> [Task brief]
For each entry below, please return its exact wording and leave out any picture.

> [Dataset]
·····

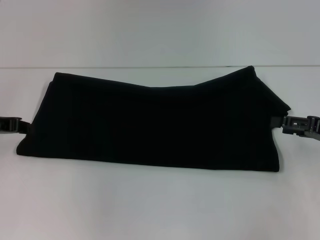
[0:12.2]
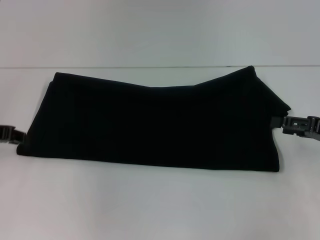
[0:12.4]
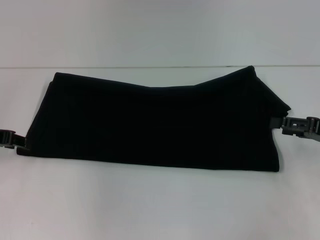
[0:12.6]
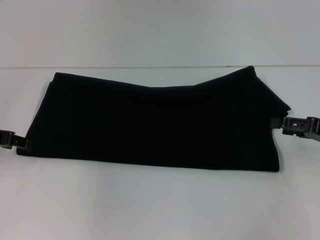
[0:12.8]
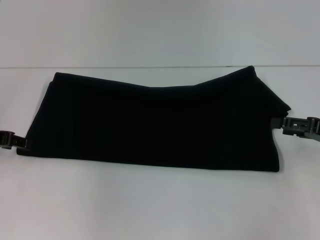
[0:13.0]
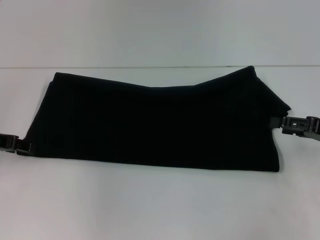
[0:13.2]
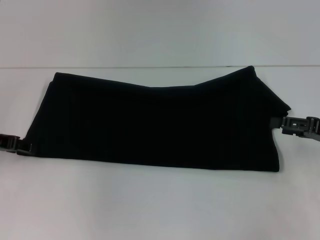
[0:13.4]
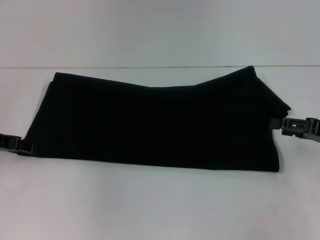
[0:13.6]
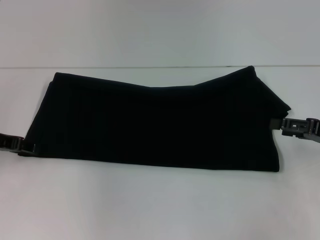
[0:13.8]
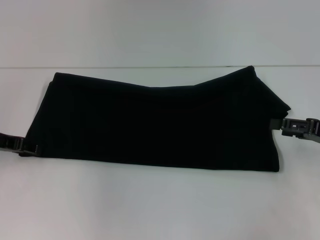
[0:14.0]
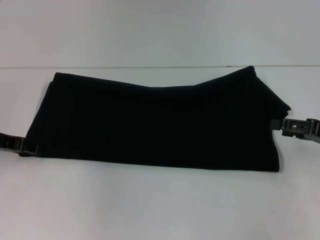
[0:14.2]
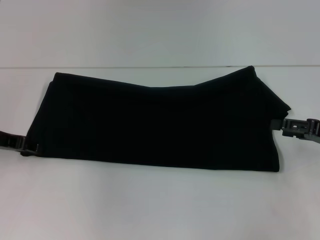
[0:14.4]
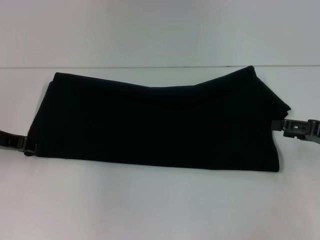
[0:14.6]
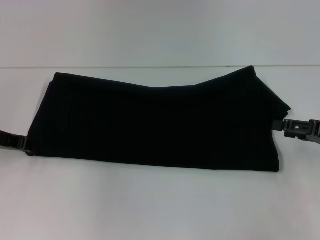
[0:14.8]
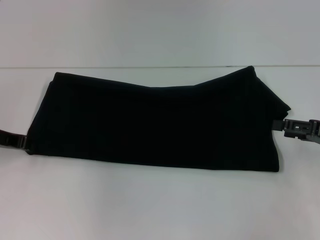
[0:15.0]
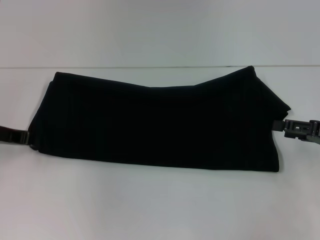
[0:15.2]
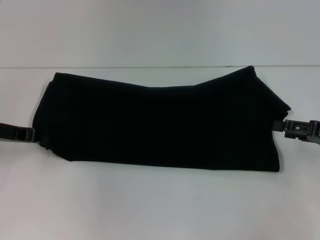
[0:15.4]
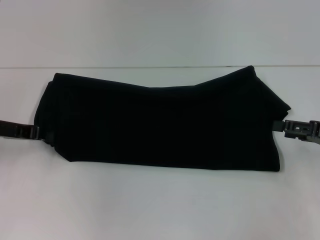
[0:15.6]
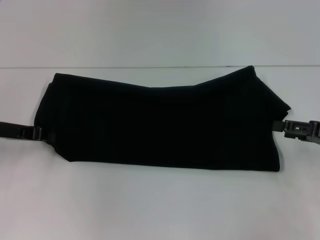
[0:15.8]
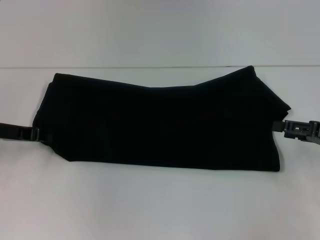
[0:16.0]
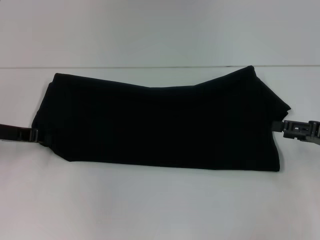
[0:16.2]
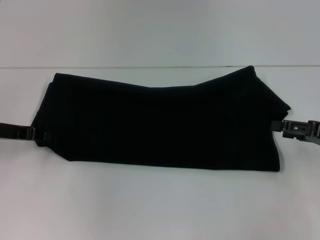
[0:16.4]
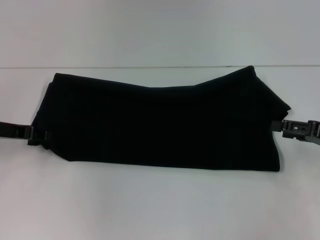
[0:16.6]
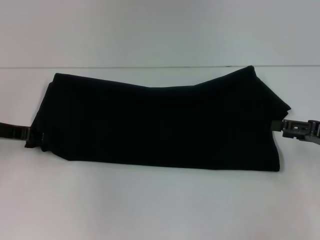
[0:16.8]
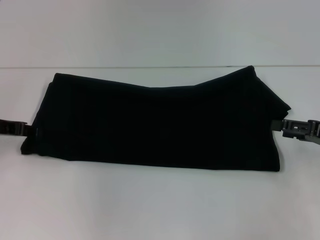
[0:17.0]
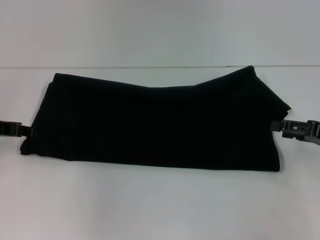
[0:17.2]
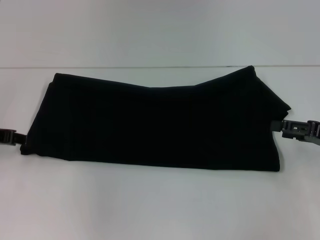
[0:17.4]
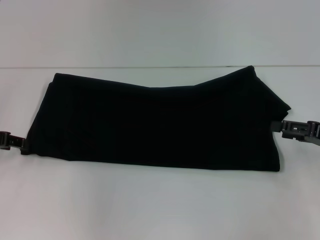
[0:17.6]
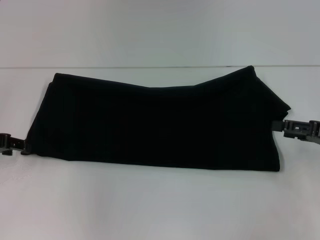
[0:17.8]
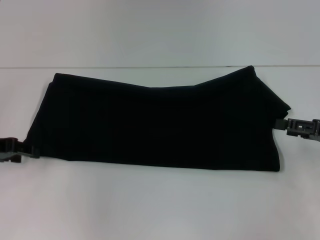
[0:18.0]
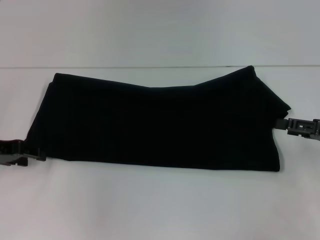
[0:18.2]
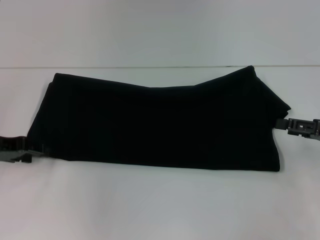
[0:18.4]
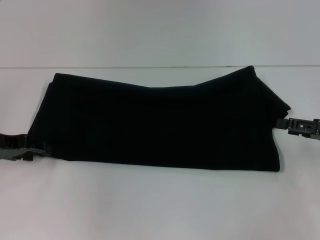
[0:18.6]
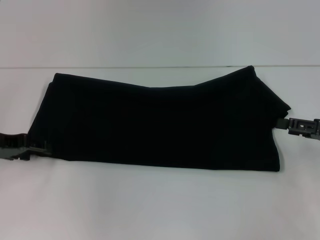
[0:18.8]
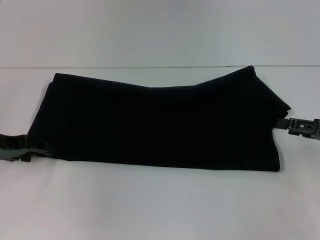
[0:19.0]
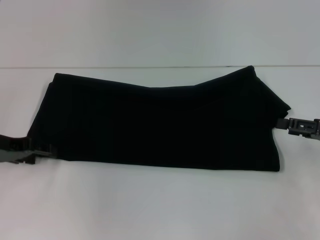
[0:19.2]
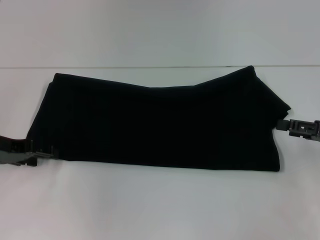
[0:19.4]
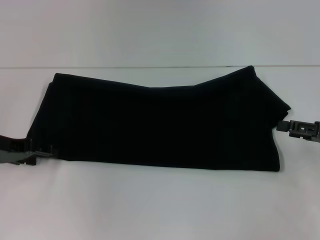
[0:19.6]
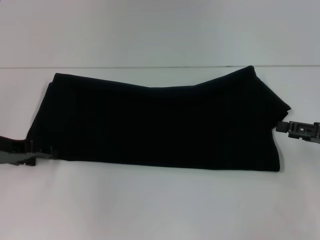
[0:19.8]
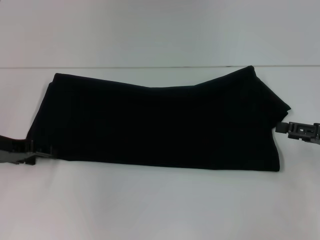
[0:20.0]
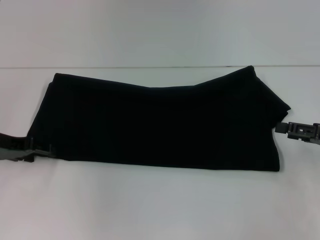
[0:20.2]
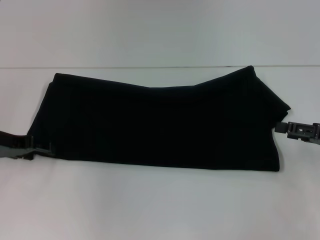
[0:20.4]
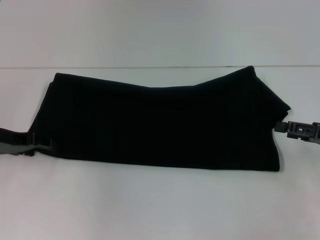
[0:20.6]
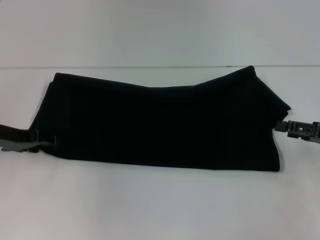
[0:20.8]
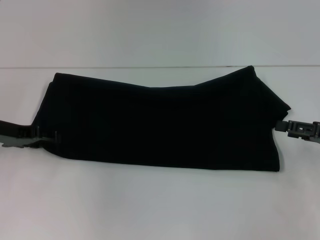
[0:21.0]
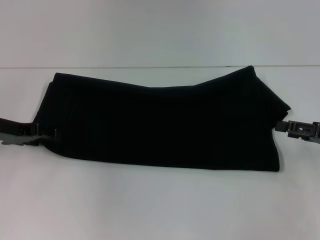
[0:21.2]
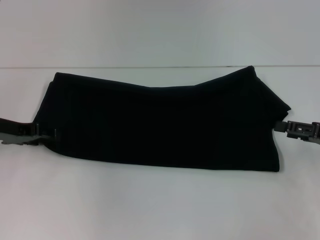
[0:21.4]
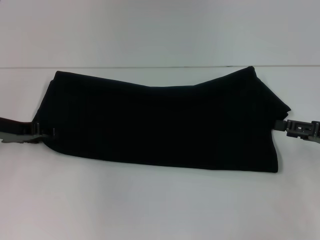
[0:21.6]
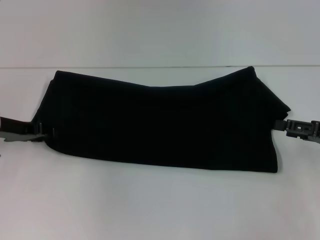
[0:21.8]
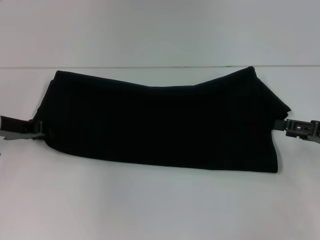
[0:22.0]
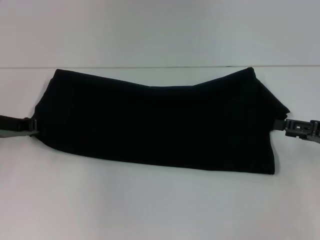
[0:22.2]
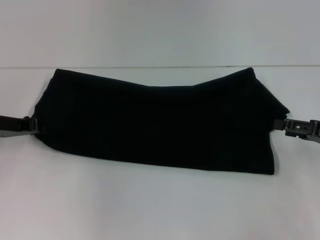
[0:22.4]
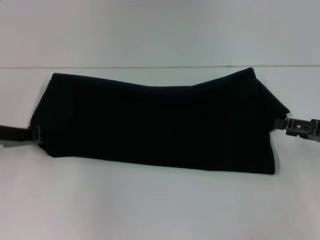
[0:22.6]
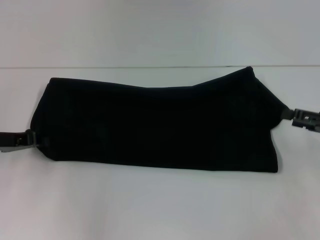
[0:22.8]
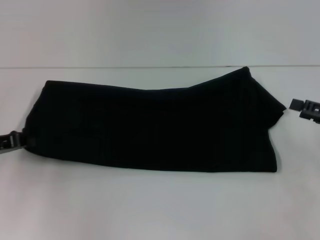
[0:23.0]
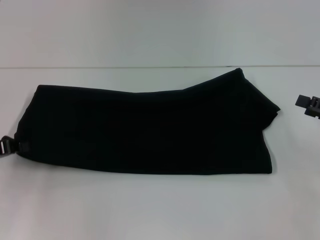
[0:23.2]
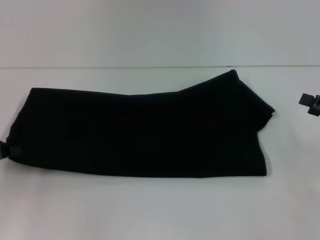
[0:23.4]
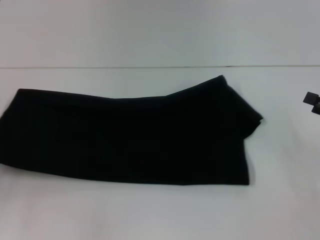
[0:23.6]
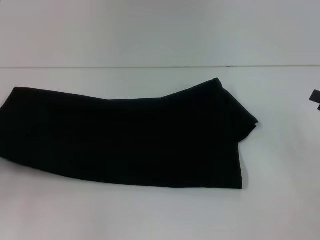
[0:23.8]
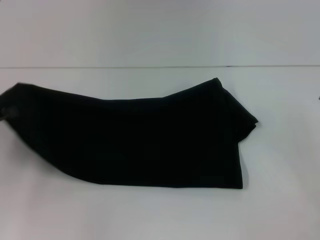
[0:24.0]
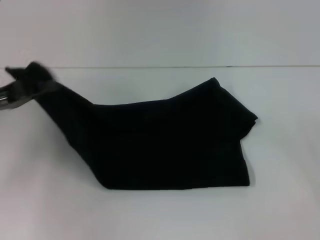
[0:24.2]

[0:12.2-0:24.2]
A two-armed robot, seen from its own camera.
0:12.2 to 0:13.8: The left gripper opens up.
0:13.8 to 0:15.2: The left gripper closes up.
0:15.2 to 0:16.6: The grippers stay close to where they were, moving slightly.
0:16.6 to 0:18.2: The left gripper opens up.
0:18.2 to 0:21.2: The grippers make only small movements.
0:21.2 to 0:22.6: The left gripper closes up.
0:22.6 to 0:24.2: The left gripper travels upward by some 5 cm. The right gripper heads to the right, covering approximately 5 cm.
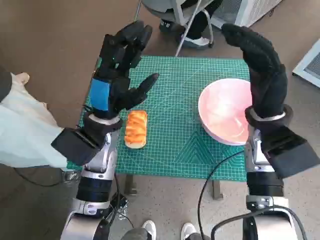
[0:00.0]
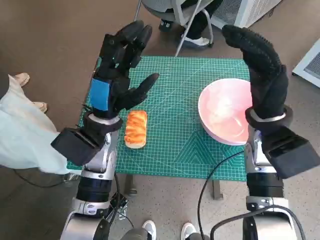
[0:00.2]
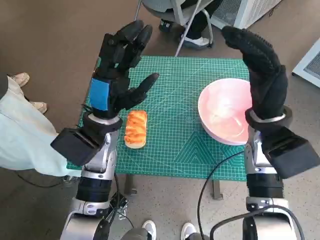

·····

> [Exercise result]
[0:12.2]
[0:12.4]
[0:12.6]
[0:12.8]
[0:13.0]
[0:13.2]
[0:13.4]
[0:13.6]
[0:13.8]
[0:14.0]
[0:14.2]
[0:14.4]
[0:14.6]
[0:14.8]
[0:15.0]
[0:15.2]
[0:15.4]
[0:15.6]
[0:15.8]
[0:16.0]
[0:16.2]
[0:16.4]
[0:16.6]
[0:16.8]
[0:17.0]
[0:17.2]
[0:17.4]
[0:17.6]
[0:17.8]
[0:18.0]
[0:18.2]
[0:18.4]
[0:18.6]
[0:18.8]
[0:19.0]
[0:19.2]
[0:19.4]
[0:19.6]
[0:19.8]
[0:20.0]
[0:20.2]
[0:20.4]
[0:20.6]
[0:20.8]
[0:21.0]
[0:21.2]
[0:21.4]
[0:21.6]
[0:21.8]
[0:22.0]
[0:22.2]
[0:22.4]
[0:22.6]
[0:22.8]
[0:23.0]
[0:23.2]
[0:23.4]
[0:23.6]
[0:23.8]
[0:24.0]
[0:24.2]

[0:12.2-0:24.2]
A two-armed robot, seen from its own camera.
0:12.2 to 0:13.8: The left gripper opens up.
0:13.8 to 0:15.2: The left gripper closes up.
0:15.2 to 0:16.6: The grippers stay close to where they were, moving slightly.
0:16.6 to 0:18.2: The left gripper opens up.
0:18.2 to 0:21.2: The grippers make only small movements.
0:21.2 to 0:22.6: The left gripper closes up.
0:22.6 to 0:24.2: The left gripper travels upward by some 5 cm. The right gripper heads to the right, covering approximately 5 cm.
[0:00.0]
[0:00.2]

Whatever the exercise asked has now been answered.